Times are tough, and everyone seems to be looking for ways to cut corners and save money. Production has to be up, and costs have to be down. So what would you do if you were slapped with a fine totaling nearly $200,000? If you aren’t mindful of what your employees are doing (or not doing) on the jobsite, you could find yourself owing big.

According to a recent report from OSHA, workers at a Newton, Mass., jobsite were said to be in danger of being crushed by concrete and dirt. OSHA inspectors found the workers in a 14-feet-deep excavation hole without hard hats and other safety equipment. The inspectors were responding to complaints about hazardous work conditions at a synagogue under construction. Other hazards at the worksite included excavation holes that weren’t braced to prevent them from collapsing, and protruding rebar that could have impaled workers. The companies at fault were fined more than $178,000 for not protecting workers from injury and possible death.

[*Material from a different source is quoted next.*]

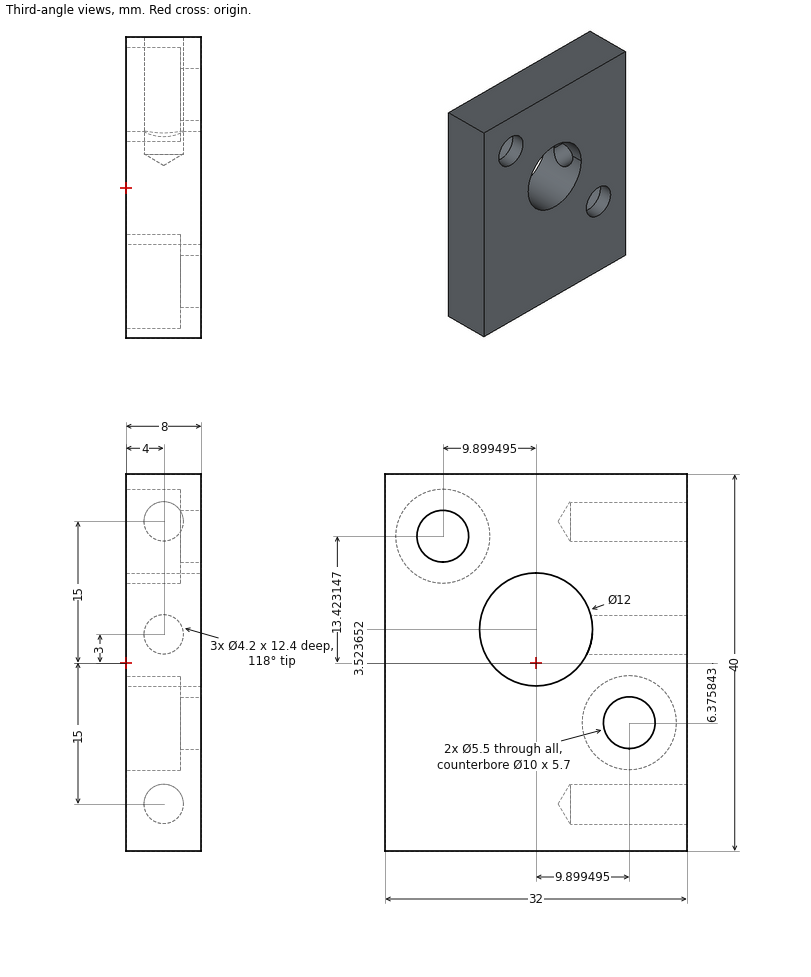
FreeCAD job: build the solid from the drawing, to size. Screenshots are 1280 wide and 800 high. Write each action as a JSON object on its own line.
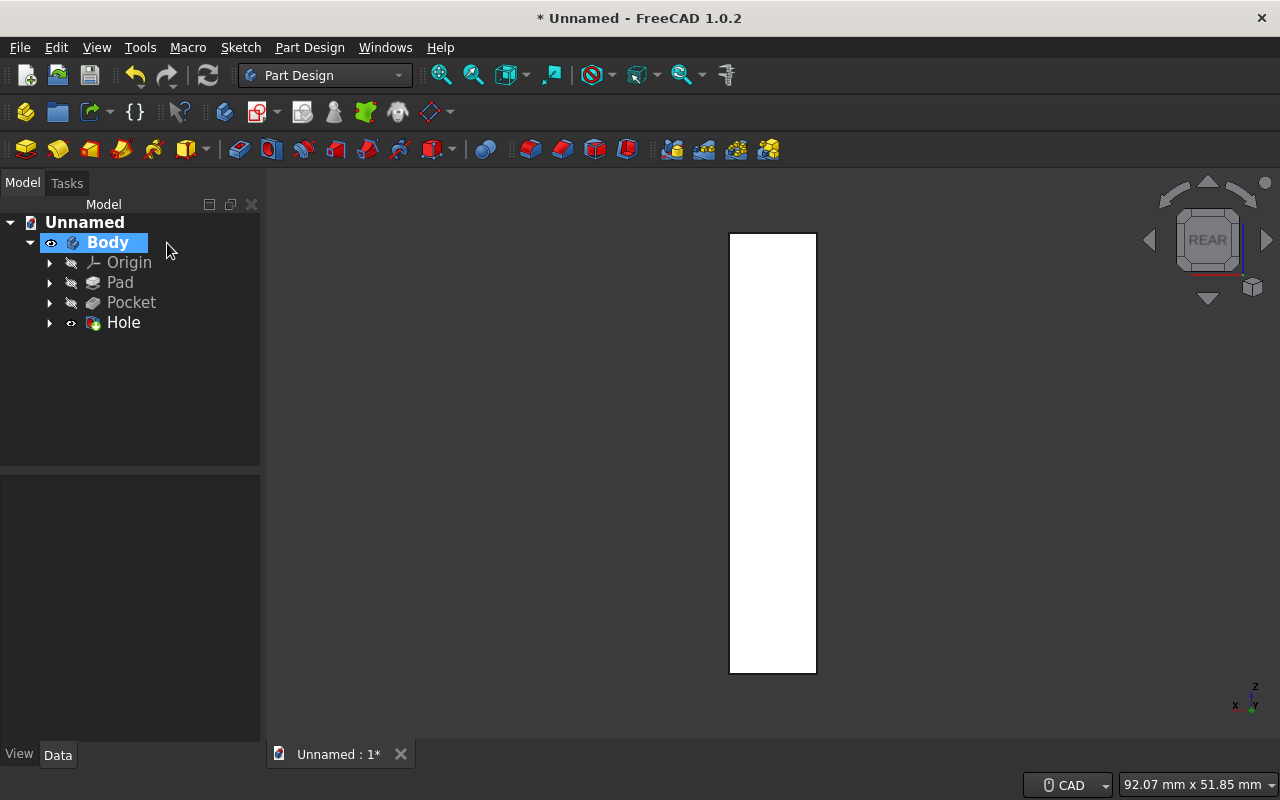
{"action": "left_click", "coordinate": [773, 453]}

OSHA is urging employers to review their work practices, equipment and training to ensure that none of their workers enters an excavation until it is properly guarded.
“Workers’ lives could depend on it,” says Paul Mangiafico, OSHA’s area director for Middlesex and Essex counties in Massachusetts. (See www.osha.gov.)
Think about the fines you could face if you aren’t protecting your workers, not to mention the possibility of the loss of a life.

Monday, May 3, kicks off North American Occupational Safety and Health (NAOSH) Week (visit www.naosh.ca/english). OSHA has reported that more than 5,000 people lost their lives from on-the-job injuries in 2008. Every year, during the first full week of May, NAOSH participants raise public awareness about the importance of reducing the number of work-related deaths to zero. This year’s focus is on the importance of creating and maintaining safe workplaces.

The event will be held at the Frances Perkins Building in Washington, D.C., and will feature the American Society of Safety Engineers’ “Safety-on-the-Job” poster contest, in which children aged 5 to 14 create illustrated safety messages that could help their parents and other workers return home each day healthy and unhurt. OSHA, the American Society of Safety Engineers, and the Canadian Society for Safety Engineering will partner with several organizations representing thousands of businesses to promote NAOSH Week.

The more awareness we can create about safety in the workplace and on the jobsite, the better. So, tie off your guys, suit them up in hard hats and other personal protective equipment, and keep their training fresh and up-to-date. Safety is not negotiable in the world of masonry construction.